[PROBLEM DETAILS]
Find the line containing "subtitle Beleidsregel tegemoetkoming" in the entries below. Restate it and each line after it, word for word, up to and including the line containing "text Kamerstuk 35".

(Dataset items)

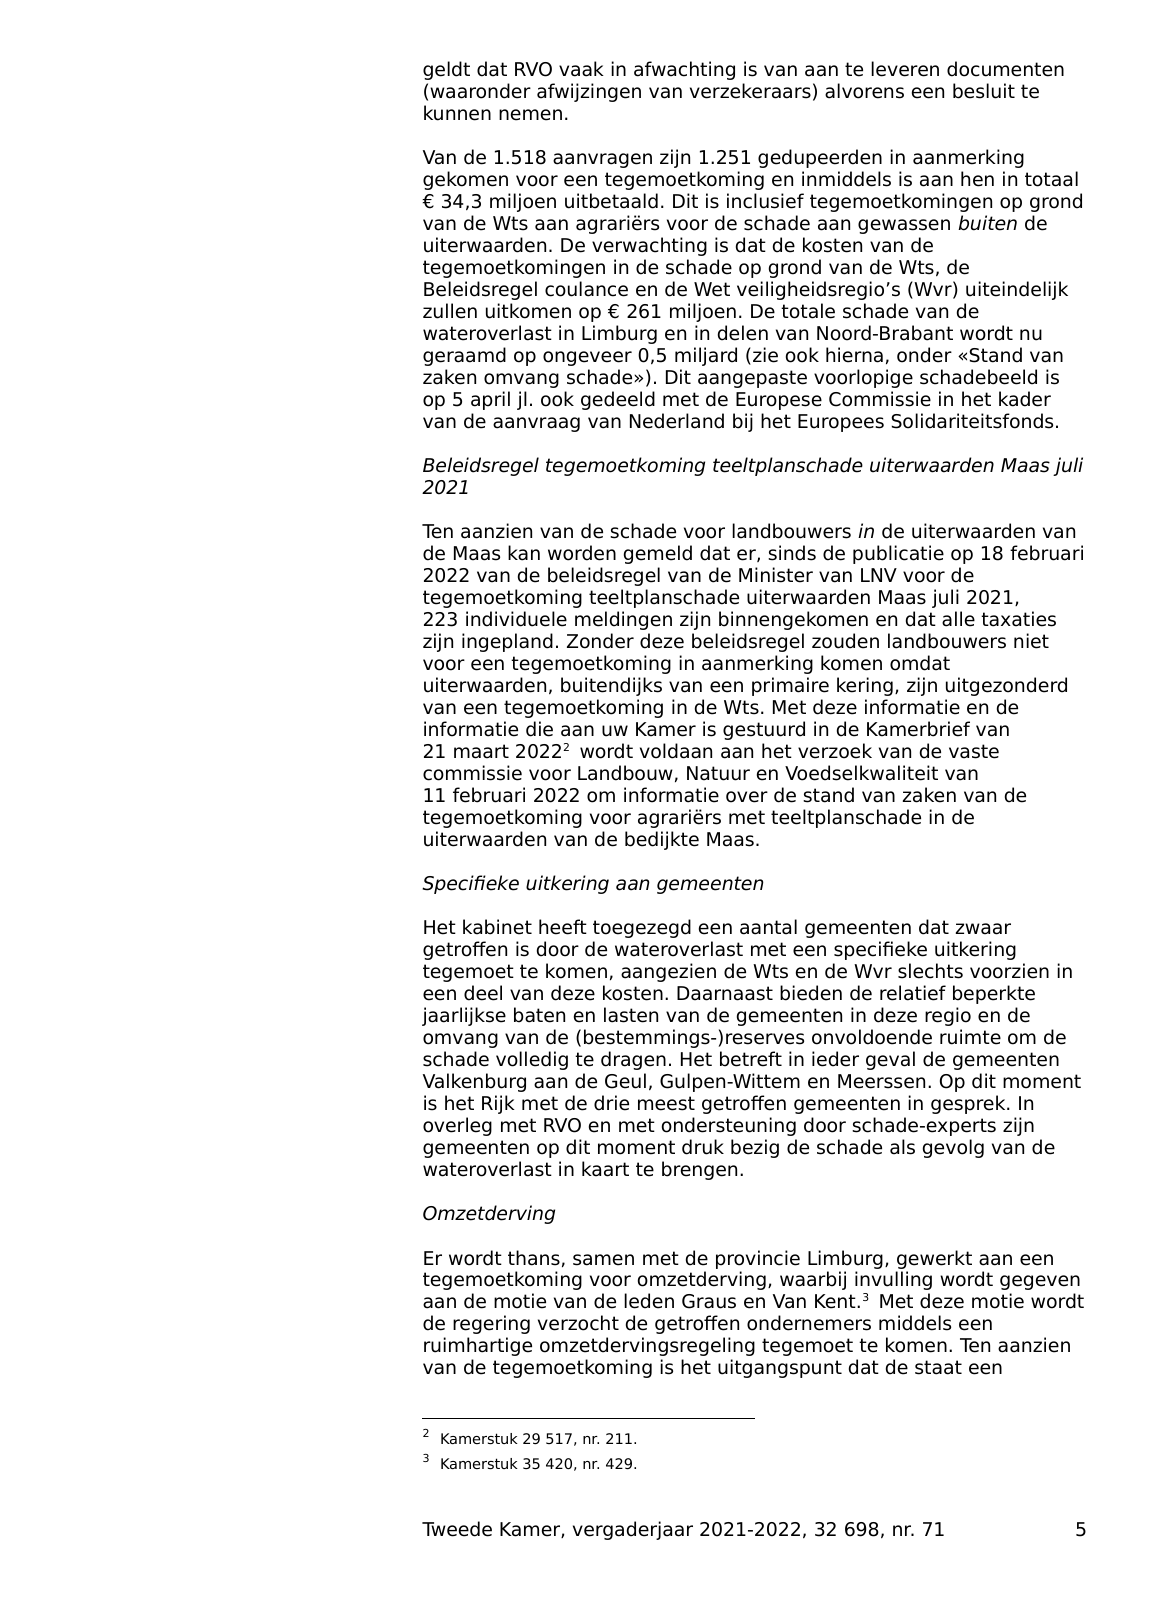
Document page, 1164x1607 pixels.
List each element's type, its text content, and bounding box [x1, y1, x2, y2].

text Van de 1.518 aanvragen zijn 1.251 gedupeerden in aanmerking gekomen voor een tegemoetkoming en inmiddels is aan hen in totaal € 34,3 miljoen uitbetaald. Dit is inclusief tegemoetkomingen op grond van de Wts aan agrariërs voor de schade aan gewassen buiten de uiterwaarden. De verwachting is dat de kosten van de tegemoetkomingen in de schade op grond van de Wts, de Beleidsregel coulance en de Wet veiligheidsregio’s (Wvr) uiteindelijk zullen uitkomen op € 261 miljoen. De totale schade van de wateroverlast in Limburg en in delen van Noord-Brabant wordt nu geraamd op ongeveer 0,5 miljard (zie ook hierna, onder «Stand van zaken omvang schade»). Dit aangepaste voorlopige schadebeeld is op 5 april jl. ook gedeeld met de Europese Commissie in het kader van de aanvraag van Nederland bij het Europees Solidariteitsfonds. [422, 147, 1087, 433]
subtitle Omzetderving [422, 1203, 1087, 1225]
text Kamerstuk 29 517, nr. 211. [422, 1427, 1087, 1449]
subtitle Beleidsregel tegemoetkoming teeltplanschade uiterwaarden Maas juli 2021 [422, 455, 1087, 499]
text Kamerstuk 35 420, nr. 429. [422, 1452, 1087, 1474]
text geldt dat RVO vaak in afwachting is van aan te leveren documenten (waaronder afwijzingen van verzekeraars) alvorens een besluit te kunnen nemen. [422, 59, 1087, 125]
text Ten aanzien van de schade voor landbouwers in de uiterwaarden van de Maas kan worden gemeld dat er, sinds de publicatie op 18 februari 2022 van de beleidsregel van de Minister van LNV voor de tegemoetkoming teeltplanschade uiterwaarden Maas juli 2021, 223 individuele meldingen zijn binnengekomen en dat alle taxaties zijn ingepland. Zonder deze beleidsregel zouden landbouwers niet voor een tegemoetkoming in aanmerking komen omdat uiterwaarden, buitendijks van een primaire kering, zijn uitgezonderd van een tegemoetkoming in de Wts. Met deze informatie en de informatie die aan uw Kamer is gestuurd in de Kamerbrief van 21 maart 2022 wordt voldaan aan het verzoek van de vaste commissie voor Landbouw, Natuur en Voedselkwaliteit van 11 februari 2022 om informatie over de stand van zaken van de tegemoetkoming voor agrariërs met teeltplanschade in de uiterwaarden van de bedijkte Maas. [422, 521, 1087, 851]
text Er wordt thans, samen met de provincie Limburg, gewerkt aan een tegemoetkoming voor omzetderving, waarbij invulling wordt gegeven aan de motie van de leden Graus en Van Kent. Met deze motie wordt de regering verzocht de getroffen ondernemers middels een ruimhartige omzetdervingsregeling tegemoet te komen. Ten aanzien van de tegemoetkoming is het uitgangspunt dat de staat een [422, 1247, 1087, 1379]
text Het kabinet heeft toegezegd een aantal gemeenten dat zwaar getroffen is door de wateroverlast met een specifieke uitkering tegemoet te komen, aangezien de Wts en de Wvr slechts voorzien in een deel van deze kosten. Daarnaast bieden de relatief beperkte jaarlijkse baten en lasten van de gemeenten in deze regio en de omvang van de (bestemmings-)reserves onvoldoende ruimte om de schade volledig te dragen. Het betreft in ieder geval de gemeenten Valkenburg aan de Geul, Gulpen-Wittem en Meerssen. Op dit moment is het Rijk met de drie meest getroffen gemeenten in gesprek. In overleg met RVO en met ondersteuning door schade-experts zijn gemeenten op dit moment druk bezig de schade als gevolg van de wateroverlast in kaart te brengen. [422, 917, 1087, 1181]
subtitle Specifieke uitkering aan gemeenten [422, 873, 1087, 895]

[SOLVED EXERCISE]
subtitle Beleidsregel tegemoetkoming teeltplanschade uiterwaarden Maas juli 2021 [422, 455, 1087, 499]
text Kamerstuk 35 420, nr. 429. [422, 1452, 1087, 1474]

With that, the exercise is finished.